● Data records

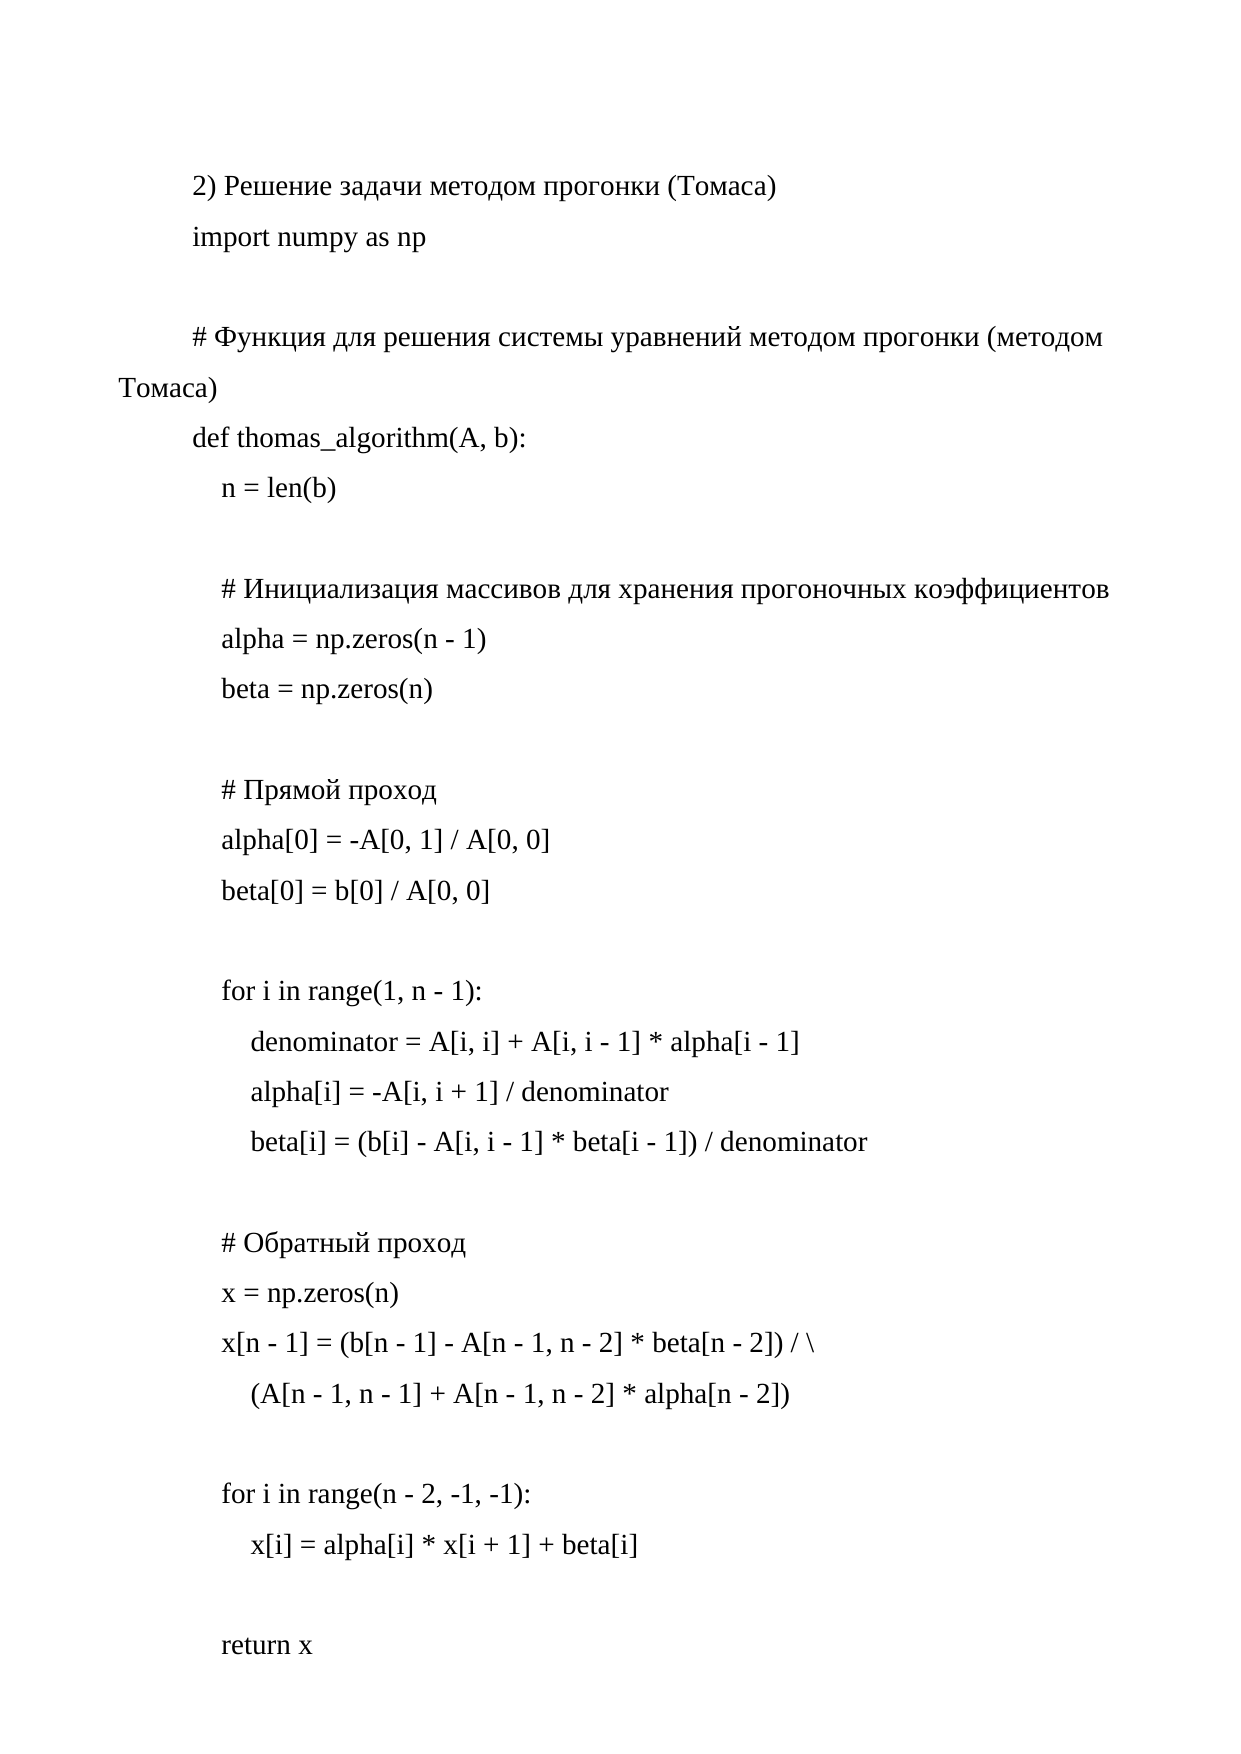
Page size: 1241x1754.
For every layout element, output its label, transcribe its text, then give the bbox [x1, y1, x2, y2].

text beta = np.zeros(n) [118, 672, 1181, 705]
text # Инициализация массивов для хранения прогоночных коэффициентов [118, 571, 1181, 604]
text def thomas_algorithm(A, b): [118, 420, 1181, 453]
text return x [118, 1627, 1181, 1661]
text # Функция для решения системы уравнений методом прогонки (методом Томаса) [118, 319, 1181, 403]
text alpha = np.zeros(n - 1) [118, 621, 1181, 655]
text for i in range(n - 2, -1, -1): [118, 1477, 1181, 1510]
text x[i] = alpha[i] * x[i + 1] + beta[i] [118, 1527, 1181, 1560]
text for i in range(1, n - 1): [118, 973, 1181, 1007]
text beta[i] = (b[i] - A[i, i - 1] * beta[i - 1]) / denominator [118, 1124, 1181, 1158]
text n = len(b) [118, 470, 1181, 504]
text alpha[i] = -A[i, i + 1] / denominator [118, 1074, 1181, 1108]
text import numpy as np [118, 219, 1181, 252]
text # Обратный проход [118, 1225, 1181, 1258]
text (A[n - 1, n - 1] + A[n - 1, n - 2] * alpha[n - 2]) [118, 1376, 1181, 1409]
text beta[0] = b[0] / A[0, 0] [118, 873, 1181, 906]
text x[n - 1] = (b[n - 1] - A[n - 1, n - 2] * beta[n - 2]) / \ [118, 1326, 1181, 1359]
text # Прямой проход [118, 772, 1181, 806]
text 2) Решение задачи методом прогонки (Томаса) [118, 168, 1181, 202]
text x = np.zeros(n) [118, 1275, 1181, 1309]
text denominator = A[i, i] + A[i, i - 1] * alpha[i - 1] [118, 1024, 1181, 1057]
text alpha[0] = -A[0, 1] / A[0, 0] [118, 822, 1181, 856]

● Task prompt
Can the lines from the start of the records through the line with "text # Прямой проход [118, 772, 1181, 806]" be given again exactly, with the pictures left out?

● Written answer
Page size: 1241x1754.
For every layout element, output its label, transcribe its text, then give the bbox [x1, y1, x2, y2].

text beta = np.zeros(n) [118, 672, 1181, 705]
text # Инициализация массивов для хранения прогоночных коэффициентов [118, 571, 1181, 604]
text def thomas_algorithm(A, b): [118, 420, 1181, 453]
text return x [118, 1627, 1181, 1661]
text # Функция для решения системы уравнений методом прогонки (методом Томаса) [118, 319, 1181, 403]
text alpha = np.zeros(n - 1) [118, 621, 1181, 655]
text for i in range(n - 2, -1, -1): [118, 1477, 1181, 1510]
text x[i] = alpha[i] * x[i + 1] + beta[i] [118, 1527, 1181, 1560]
text for i in range(1, n - 1): [118, 973, 1181, 1007]
text beta[i] = (b[i] - A[i, i - 1] * beta[i - 1]) / denominator [118, 1124, 1181, 1158]
text n = len(b) [118, 470, 1181, 504]
text alpha[i] = -A[i, i + 1] / denominator [118, 1074, 1181, 1108]
text import numpy as np [118, 219, 1181, 252]
text # Обратный проход [118, 1225, 1181, 1258]
text (A[n - 1, n - 1] + A[n - 1, n - 2] * alpha[n - 2]) [118, 1376, 1181, 1409]
text beta[0] = b[0] / A[0, 0] [118, 873, 1181, 906]
text x[n - 1] = (b[n - 1] - A[n - 1, n - 2] * beta[n - 2]) / \ [118, 1326, 1181, 1359]
text # Прямой проход [118, 772, 1181, 806]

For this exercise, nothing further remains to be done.